13 janvier 2008


PhilippeBesson - Unhommeaccidentel

Philippe Besson vient de réussir un roman intense et fulgurant mais - surtout - parfaitement dérangeant. Un homme accidentel, c'est Brokeback Mountain en version française: comme Annie Proulx, Besson met en mots l'attraction fulgurante qui jette l'un contre l'autre deux hommes programmés pour ne jamais se rencontrer. Deux individus que tout maintenait à distance. Seul un «accident extravagant» était susceptible de les mettre en présence.

Ecartons tout de suite les lectures réductrices: ce roman n'est pas l'histoire d'un type qui découvre son homosexualité, c'est le récit d'une transgression. Notre homme, marié, épris de sa femme et qui va devenir père, est percuté par la passion. Et il se trouve qu'ici la passion prend le visage non d'une femme, mais d'un homme. Jack Bell a 25 ans, il est acteur de cinéma. Qu'est-ce que la transgression? Changer de pratique sexuelle? Non. C'est avoir la possibilité, à chaque pas que l'on amorce, de revenir en arrière... et ne jamais le faire.

La scène se passe à Los Angeles, au début des années 1990, dans la cité des émeutes raciales et de la prostitution, sur Sunset et Hollywood Boulevards, aujourd'hui nickel et arpentés par des touristes venus se gorger de paillettes. Nos deux hommes échoueront à Big Sur - lieu de perdition hautement littéraire, puisque c'est là que se réfugia en 1942 Henry Miller - avant de s'enfermer dans un motel de Venice Beach, tels Butch Cassidy et le Kid. Besson a choisi deux symboles forts, ceux de l'Amérique triomphante: le flic quelconque et l'acteur à l'ascension foudroyante. Deux représentations de la virilité.

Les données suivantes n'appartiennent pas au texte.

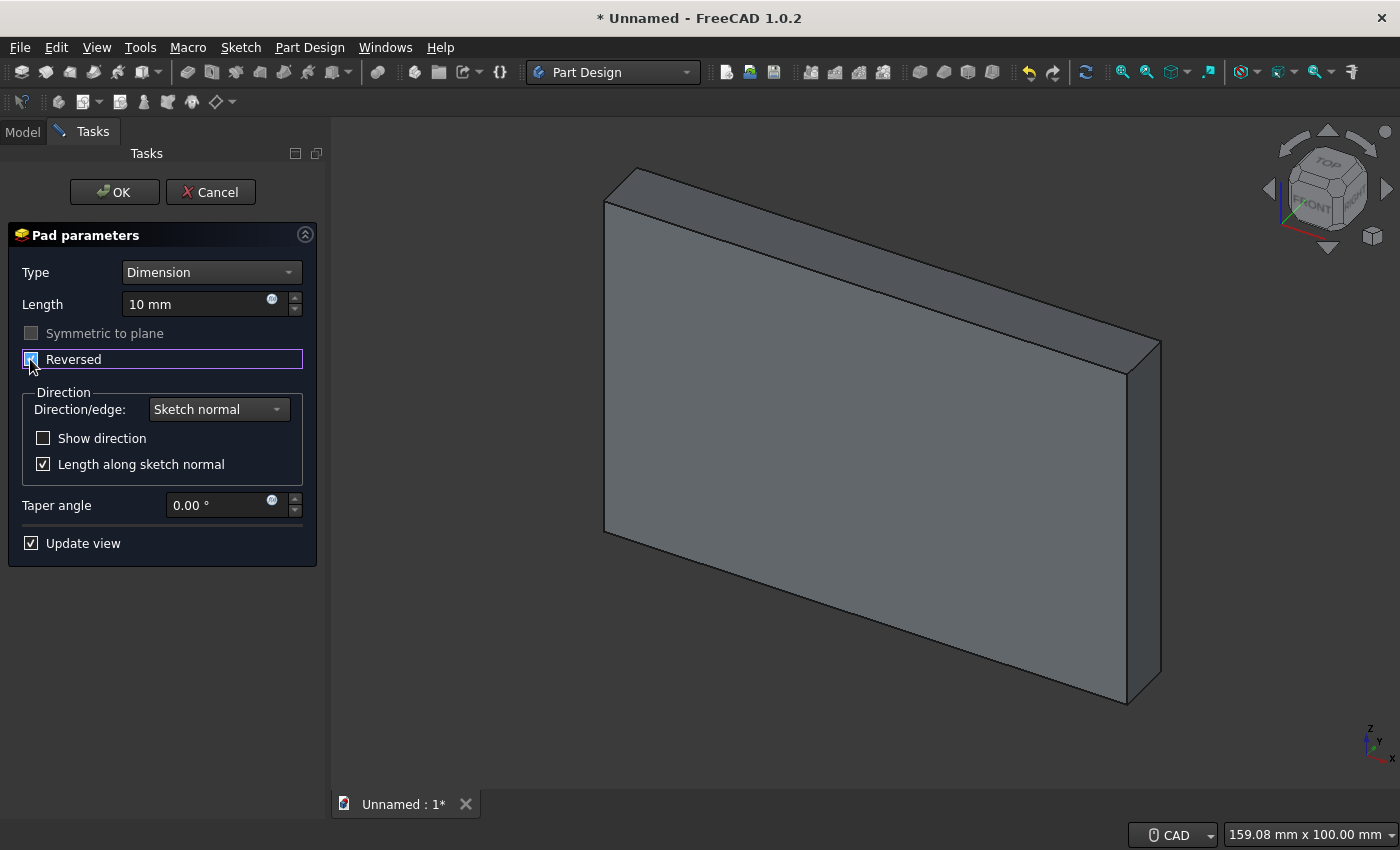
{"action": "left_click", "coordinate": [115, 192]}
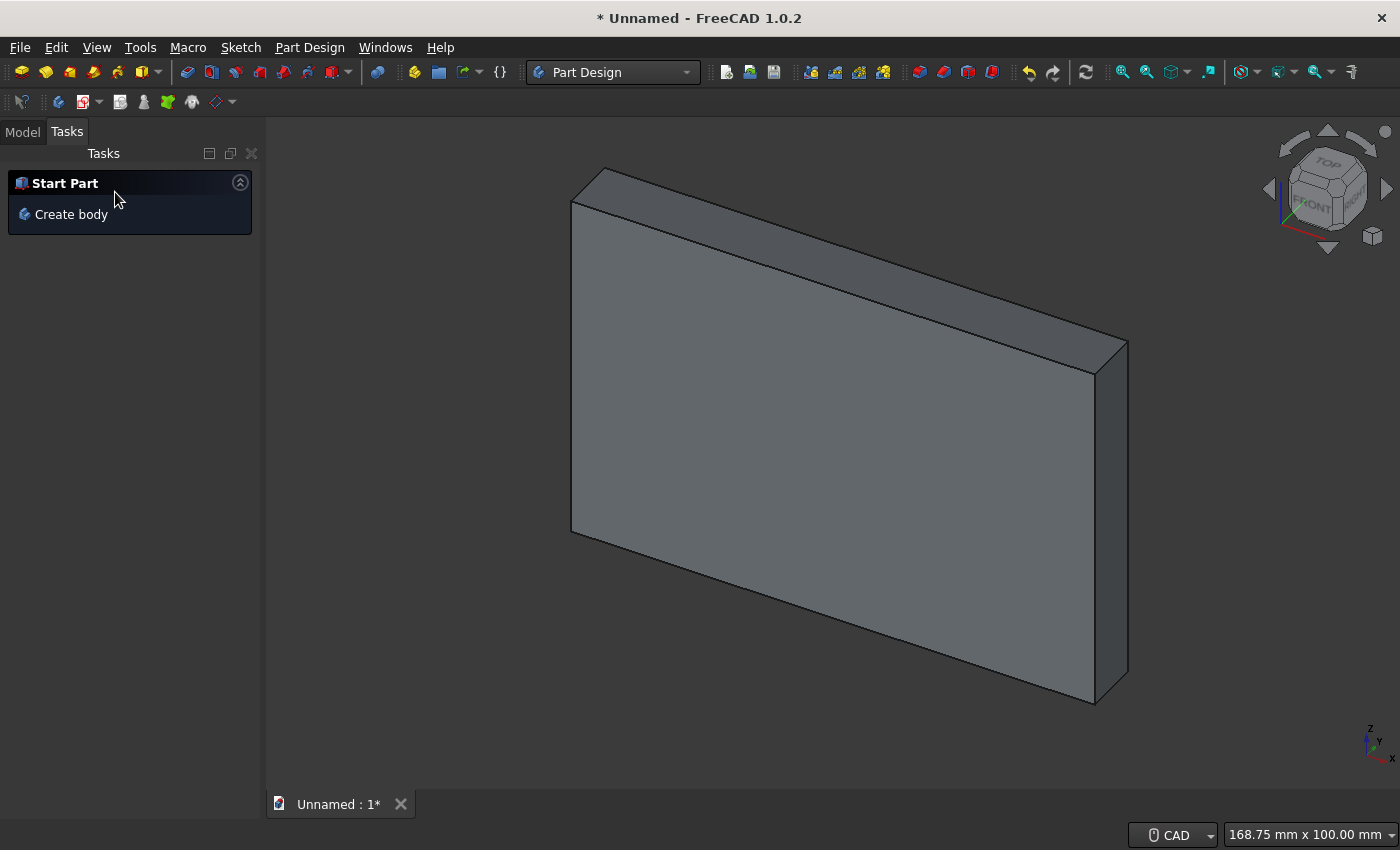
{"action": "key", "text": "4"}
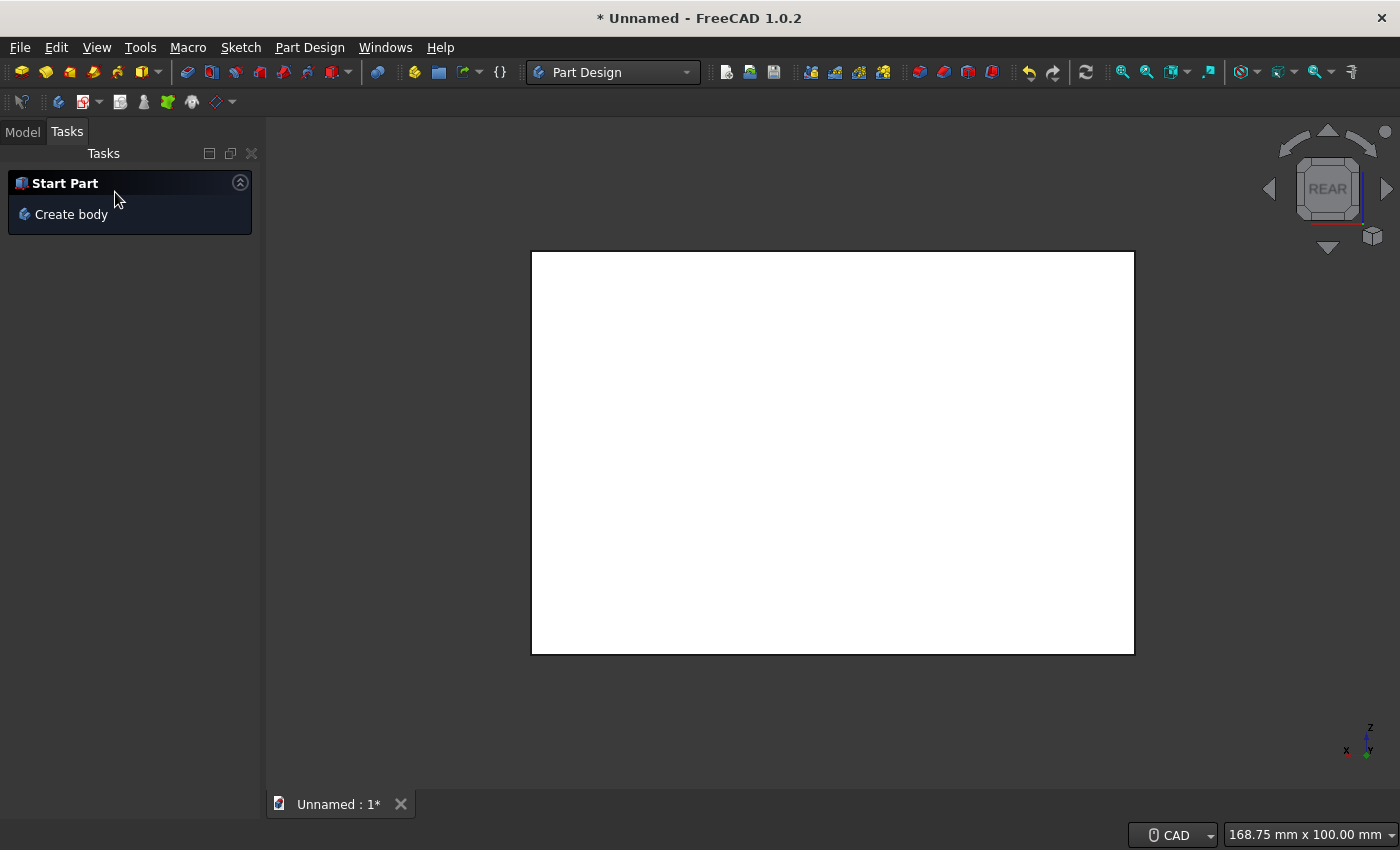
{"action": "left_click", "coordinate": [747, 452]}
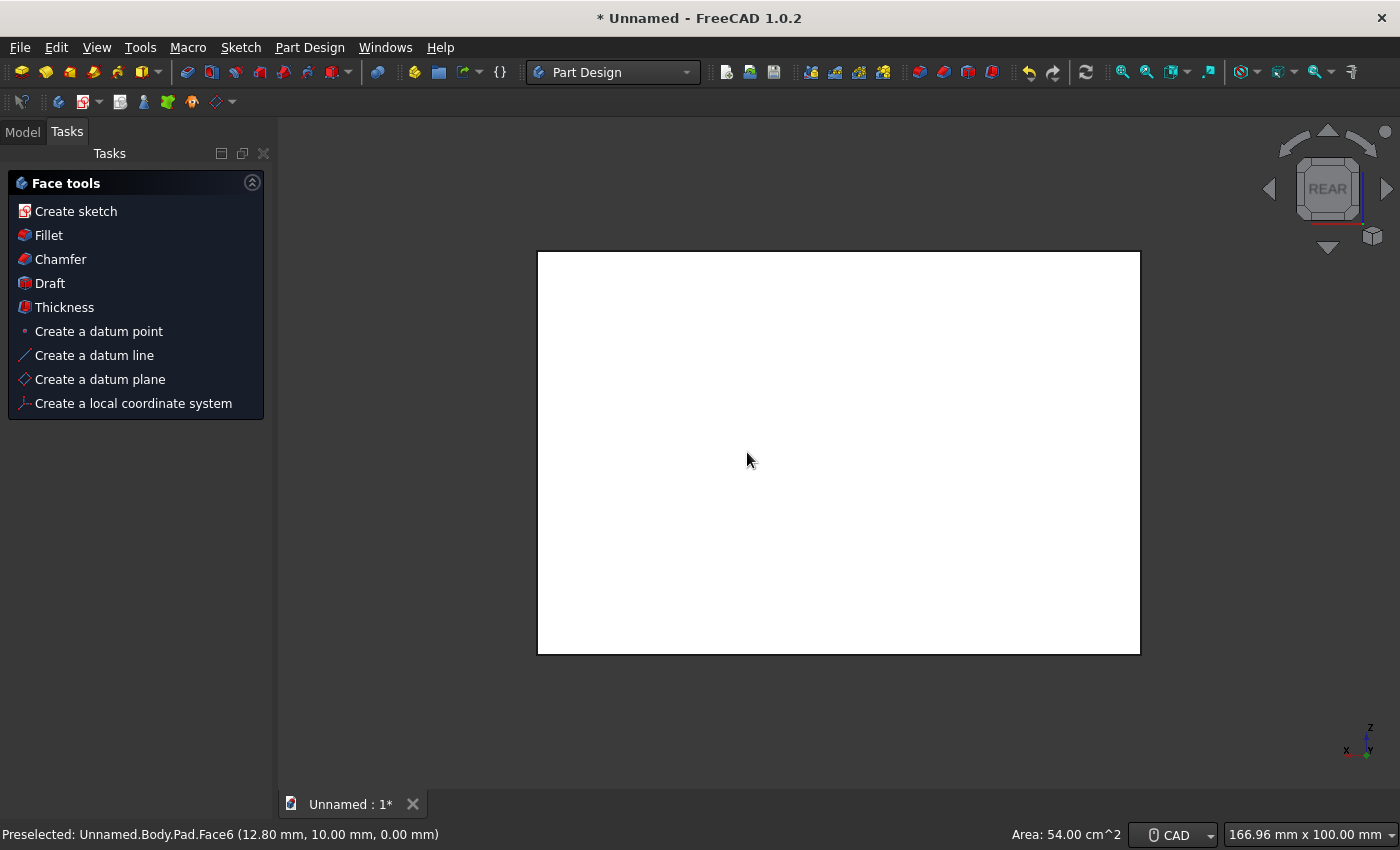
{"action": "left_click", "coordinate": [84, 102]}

Pour la première fois en huit romans, Philippe Besson a écrit une scène de sexe. Crue. Très. Etait-ce utile? Pas sûr. On préférera la page, sublime, sur la «morsure du manque», cette attaque sournoise qui frappe sans prévenir, par effraction. Un homme accidentel montre qu'il n'y a d'amour qu'à condition que la frénésie et l'urgence soient au rendez-vous. Besson a raison. Il faut jouer avec le feu. Et tant pis si s'animent d'immenses brasiers.